*Problem requirements:* Nothing but the lines from the start of the records below through the line that has "text Het tweede" should appear, each exactly as given.

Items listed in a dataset
────────────────

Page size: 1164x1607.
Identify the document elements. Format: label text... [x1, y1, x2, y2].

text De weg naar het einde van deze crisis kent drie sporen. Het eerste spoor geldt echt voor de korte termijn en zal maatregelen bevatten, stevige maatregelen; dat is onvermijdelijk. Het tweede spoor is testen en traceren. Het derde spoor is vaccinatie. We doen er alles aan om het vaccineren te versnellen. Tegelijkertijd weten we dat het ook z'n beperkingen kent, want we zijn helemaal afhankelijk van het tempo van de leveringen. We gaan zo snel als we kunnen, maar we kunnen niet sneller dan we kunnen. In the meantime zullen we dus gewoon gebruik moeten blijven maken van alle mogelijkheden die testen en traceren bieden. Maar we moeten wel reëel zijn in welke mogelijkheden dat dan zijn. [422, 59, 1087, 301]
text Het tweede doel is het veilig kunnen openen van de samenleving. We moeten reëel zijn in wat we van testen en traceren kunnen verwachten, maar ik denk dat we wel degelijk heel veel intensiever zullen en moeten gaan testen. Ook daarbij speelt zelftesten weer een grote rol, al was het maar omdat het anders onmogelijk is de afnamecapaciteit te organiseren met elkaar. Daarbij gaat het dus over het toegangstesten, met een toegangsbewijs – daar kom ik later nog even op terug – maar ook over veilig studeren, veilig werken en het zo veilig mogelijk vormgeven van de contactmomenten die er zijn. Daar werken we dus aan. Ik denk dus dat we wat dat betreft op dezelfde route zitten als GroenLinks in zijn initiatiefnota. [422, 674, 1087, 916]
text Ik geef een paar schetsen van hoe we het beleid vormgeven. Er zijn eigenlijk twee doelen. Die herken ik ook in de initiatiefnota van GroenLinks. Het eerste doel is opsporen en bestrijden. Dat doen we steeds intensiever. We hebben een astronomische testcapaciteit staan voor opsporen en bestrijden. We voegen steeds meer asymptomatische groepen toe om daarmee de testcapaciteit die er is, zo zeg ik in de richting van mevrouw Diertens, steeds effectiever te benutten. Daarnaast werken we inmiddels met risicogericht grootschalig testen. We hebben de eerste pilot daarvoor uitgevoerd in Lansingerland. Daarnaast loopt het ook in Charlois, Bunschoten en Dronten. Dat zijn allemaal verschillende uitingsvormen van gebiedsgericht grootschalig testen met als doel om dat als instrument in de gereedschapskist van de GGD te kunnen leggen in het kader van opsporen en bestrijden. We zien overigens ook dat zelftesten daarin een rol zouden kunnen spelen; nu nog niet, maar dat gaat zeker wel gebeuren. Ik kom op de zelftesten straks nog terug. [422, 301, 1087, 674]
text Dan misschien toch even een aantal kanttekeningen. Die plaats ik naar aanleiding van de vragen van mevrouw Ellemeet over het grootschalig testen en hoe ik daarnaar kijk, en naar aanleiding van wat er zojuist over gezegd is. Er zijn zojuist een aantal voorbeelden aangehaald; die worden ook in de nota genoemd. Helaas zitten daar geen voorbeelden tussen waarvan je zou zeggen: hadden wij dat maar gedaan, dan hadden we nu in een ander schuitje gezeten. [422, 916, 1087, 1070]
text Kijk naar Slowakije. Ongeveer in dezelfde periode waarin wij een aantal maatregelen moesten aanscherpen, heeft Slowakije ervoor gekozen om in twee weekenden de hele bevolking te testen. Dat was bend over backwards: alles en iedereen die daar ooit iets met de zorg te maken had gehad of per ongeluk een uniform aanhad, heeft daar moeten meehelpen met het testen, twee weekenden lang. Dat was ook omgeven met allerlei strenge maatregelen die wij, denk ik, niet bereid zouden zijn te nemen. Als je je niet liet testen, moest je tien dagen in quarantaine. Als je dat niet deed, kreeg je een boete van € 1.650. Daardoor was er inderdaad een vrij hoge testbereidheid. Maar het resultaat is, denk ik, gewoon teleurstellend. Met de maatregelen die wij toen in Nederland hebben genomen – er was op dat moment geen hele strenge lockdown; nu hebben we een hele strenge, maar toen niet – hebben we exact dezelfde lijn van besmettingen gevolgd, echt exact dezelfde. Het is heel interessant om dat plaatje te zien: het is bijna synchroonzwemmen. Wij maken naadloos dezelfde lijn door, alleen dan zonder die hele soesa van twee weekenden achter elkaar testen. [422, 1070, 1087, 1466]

────────────────

*Solution for this problem:*
Page size: 1164x1607.
Identify the document elements. Format: label text... [x1, y1, x2, y2].

text De weg naar het einde van deze crisis kent drie sporen. Het eerste spoor geldt echt voor de korte termijn en zal maatregelen bevatten, stevige maatregelen; dat is onvermijdelijk. Het tweede spoor is testen en traceren. Het derde spoor is vaccinatie. We doen er alles aan om het vaccineren te versnellen. Tegelijkertijd weten we dat het ook z'n beperkingen kent, want we zijn helemaal afhankelijk van het tempo van de leveringen. We gaan zo snel als we kunnen, maar we kunnen niet sneller dan we kunnen. In the meantime zullen we dus gewoon gebruik moeten blijven maken van alle mogelijkheden die testen en traceren bieden. Maar we moeten wel reëel zijn in welke mogelijkheden dat dan zijn. [422, 59, 1087, 301]
text Het tweede doel is het veilig kunnen openen van de samenleving. We moeten reëel zijn in wat we van testen en traceren kunnen verwachten, maar ik denk dat we wel degelijk heel veel intensiever zullen en moeten gaan testen. Ook daarbij speelt zelftesten weer een grote rol, al was het maar omdat het anders onmogelijk is de afnamecapaciteit te organiseren met elkaar. Daarbij gaat het dus over het toegangstesten, met een toegangsbewijs – daar kom ik later nog even op terug – maar ook over veilig studeren, veilig werken en het zo veilig mogelijk vormgeven van de contactmomenten die er zijn. Daar werken we dus aan. Ik denk dus dat we wat dat betreft op dezelfde route zitten als GroenLinks in zijn initiatiefnota. [422, 674, 1087, 916]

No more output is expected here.